May 02, 2004

ME ( pt 1)

So, I waa sitting there:
12 years old and sitting in my mother's chair and worried about stuff.

Well, I had no reason to worry. I hadn't lied to my mother in a while.
I sat there trying to relax myself and convince myself that I had nothing to worry about. A whole evening free from stress! What a gift for myself!!

Why? Because the future builds only on the present and the past. And the present and past -- when I was 12 -- weren't lookin' like much to build on at the time.

I was lost in a world of bullies and brains and jocks and geeks and me. To suggest that I was merely "disinterested" might even be flattering. But, alas, I was merely disconnected.

I was never a part of any "crowd". I was always me.. alone.

I joined the Cub Scouts when I was 8 and in 3rd grade. I liked the uniform. Did I join because my mom thought it was a good idea? Nope. It was my idea.
Then I wanted to play in the Little League. My mom asked me "How are you gonna do that?"
"I don't know," I said
:"Well,, neither do I" she commanded.
I never played Little League.


If there's one thing my mother understands it's cold-hearted abandonment. And apples don't fall far from the tree...

About ten years ago my elder sister, J, asked our father why, exactly, our parents had seperated so early on in their marriage. He told some lame-o story about how our mom got herself pregnant by some phantom friend of theirs.
But since I have a half-brother who's only 3 years younger than I -- and, as best I can reconstruct -- he left us when I was about 2: methinks that dear ol' dad has not only left his first family for a second, but that he's unfairly tried to shift the blame to someone else (namely: Mom).

Don't l.ie to my sister, Daddi-0.

My grandmother (my mother's mother) used to say (when we were kids): "Don't hate your father...!"

As a kid I never knew why she kept saying that. As a sorry excuse for a man I know: She wanted us to believe that parents are to be cherished at least as much as Life itself... and/or - take yer pick - children......

- - - - - -

I've earned almost nothing that I have. The computer I post this on was a gift from a friend. The TV that's playing in the background was the gift of a friend. The bed that I sleep on is made up of cushions from a sofa that was given to me by a friend's father.

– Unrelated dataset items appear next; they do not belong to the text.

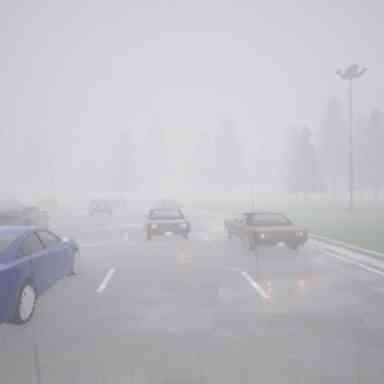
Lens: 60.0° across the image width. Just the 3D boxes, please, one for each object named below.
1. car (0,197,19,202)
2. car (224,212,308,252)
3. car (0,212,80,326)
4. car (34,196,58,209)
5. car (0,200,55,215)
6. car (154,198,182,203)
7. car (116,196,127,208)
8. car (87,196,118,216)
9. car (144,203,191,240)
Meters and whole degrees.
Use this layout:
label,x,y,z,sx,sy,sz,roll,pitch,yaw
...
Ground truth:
label,x,y,z,sx,sy,sz,roll,pitch,yaw
car,-20.317,1.278,37.275,1.812,1.442,4.674,-1,1,-37
car,2.634,1.418,13.159,1.895,1.301,4.718,-1,1,-8
car,-3.798,1.430,6.932,1.882,1.535,5.008,0,1,-4
car,-17.205,1.181,38.931,1.882,1.535,5.008,0,0,-36
car,-8.707,1.385,17.049,1.837,1.490,4.892,0,1,-11
car,-2.590,1.219,34.310,1.895,1.301,4.718,-1,1,-21
car,-9.030,1.146,39.324,1.812,1.442,4.674,-1,1,-28
car,-8.251,1.275,29.635,2.033,1.411,5.357,-1,1,-21
car,-1.347,1.423,16.022,1.895,1.301,4.718,-1,1,-10

That I have survived this long in this old world amazes me.

If I ever do destroy myself, it's only because I was never anyone that mattered in the first place.

Gawd, I hate when when I think like this... ;)

UPDATE Yikes! I re-read this and it sounds like a frickin' suicide note! IT'S NOT!!!
I just wish I had some kinda realistic goal in life is all.!! Is that so wro-o-o-o-ng...?"


Posted by Tuning Spork at May 2, 2004 12:33 AM
Comments

I recommend action. Specifically taking a chance - on yourself. If you go out on a limb and fall off there are people who will be there to catch you, or at least get you back on you feet and give you a leg up back into the tree. Don't just sit and wait for the tree to fall on your head.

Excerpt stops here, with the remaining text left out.